Arthur Rimbaud. Poésies complètes : exemplaires d'épreuves
Exemplaire comportant les poèmes en premières épreuves (19-20 juillet 1895) en vue de la seconde édition collective. La préface est de Paul Verlaine, Arthur Rimbaud ; Paul Verlaine
Paul Verlaine., Arthur Rimbaud ; Paul Verlaine, France, 1895.
Manuscrits, tapuscrits
BnF, Réserve des livres rares, Rés. p.Ye. 1649.
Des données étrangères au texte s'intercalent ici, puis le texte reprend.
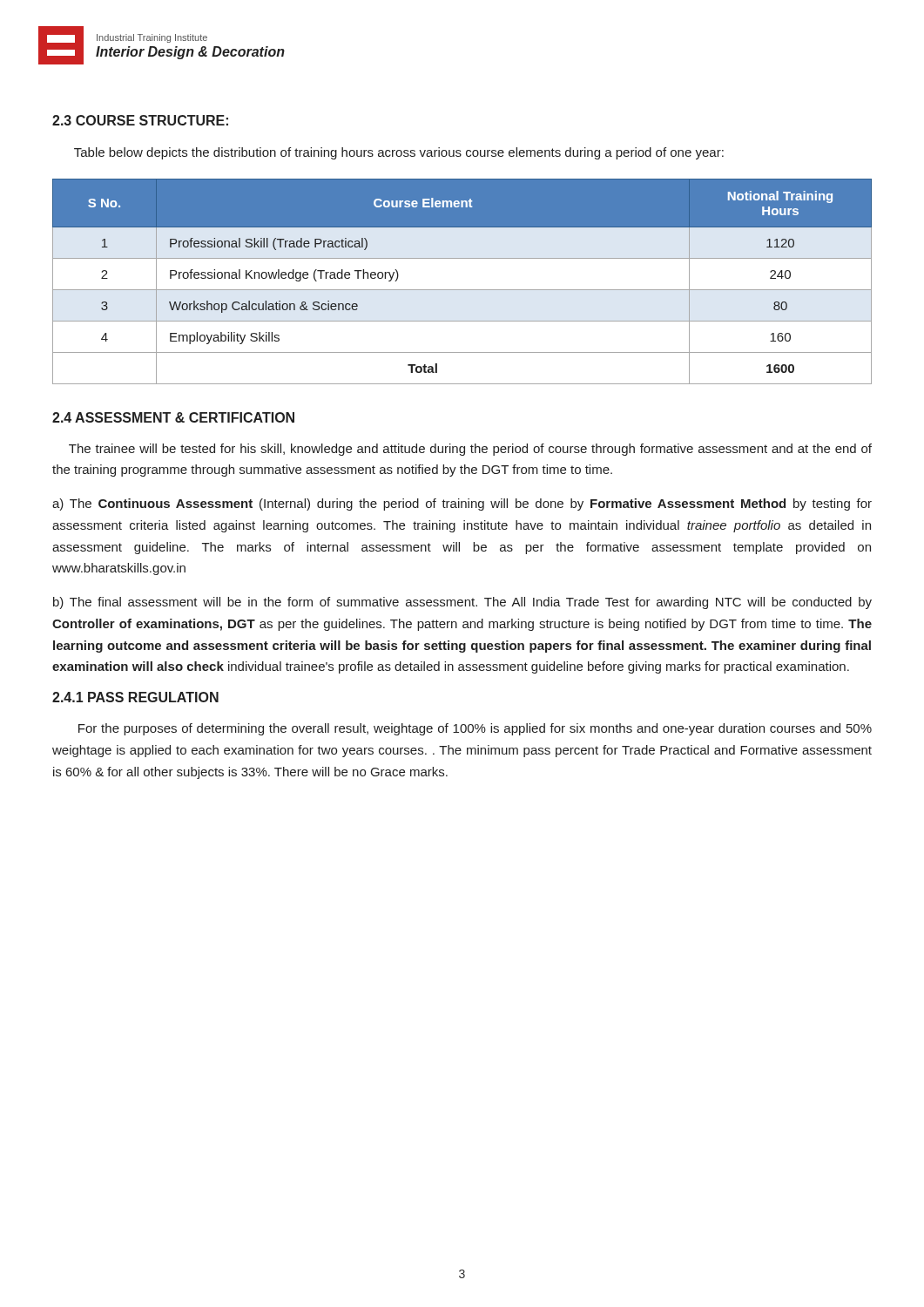The width and height of the screenshot is (924, 1307).
Task: Find "2.4.1 PASS REGULATION" on this page
Action: click(136, 697)

© Bibliothèque nationale de France
Jusqu'à la publication par Paul Verlaine, en 1884, des Poètes maudits, suivie deux ans plus tard par l'édition, dans la revue La Vogue, des Illuminations, l'œuvre d'Arthur Rimbaud était ignorée. Certes, Une saison en enfer avait bien été imprimé en 1873, mais longtemps seuls six exemplaires de cette édition circulèrent, dont celui de Verlaine qui, au début de 1875, eut un moment entre ses mains la plus grande partie d'une œuvre qu'il ne se pressa pas d'abord de faire connaître. Ayant prêté fort légèrement à son beau-frère les manuscrits des poèmes de 1872 et celui des Illuminations, qu'il ne put jamais récupérer, il lui fallut même, au moment des Poètes maudits, emprunter à d'autres les six poèmes inédits qu'il y publia. Toute une génération découvrit Rimbaud grâce à ce livre, et notamment un jeune homme, Rodolphe Darzens, qui devint pendant quelques années le plus actif découvreur de manuscrits rimbaldiens, au point de présenter en 1891, sous le titre de Reliquaire, le premier recueil des poésies. Verlaine dut penser alors que c'en était fini du projet qu'il avait chez Vanier d'un "Rimbaud complet". Heureusement pour lui, l'éditeur Genonceaux bâcla si bien Reliquaire que Darzens en obtint la saisie, sa préface, inachevée, ayant été publiée sans son accord. La route semblait dégagée quand Isabelle Rimbaud annonça, au début de 1892, qu'elle interdirait toute publication des textes de son frère, mort depuis quelques mois, et toute préface qui n'aurait pas son aval. Négocier avec elle s'avérant inutile, Vanier préféra laisser dormir l'affaire jusqu'en juillet 1895, quand Isabelle, de guerre lasse, céda, mais à la condition que son point de vue - Rimbaud mort "comme un saint avec une foi convaincue" - fit l'objet d'une notice en tête du volume. Outre les corrections de Verlaine à sa préface, qu'il livra en hâte le 28 août 1895, ces épreuves nous révèlent les étranges hésitations de Vanier, qui d'abord garda le titre de Reliquaire et la préface de Darzens, puis décida de supprimer tout préliminaire, avant de s'adresser enfin pour cela à Verlaine. On comprend mieux que celui-ci ait pris quelque distance avec un recueil dont il n'avait pas été le maître, mais sans rien céder pour autant aux exigences d'Isabelle. Son texte préserve l'essentiel jusqu'à la dernière phrase sur Rimbaud, "mort jeune [...] mais dans son vœu bien formulé d'indépendance et de haut dédain de n'importe quelle adhésion à ce qu'il ne lui plaisait pas de faire ni d'être". A. C.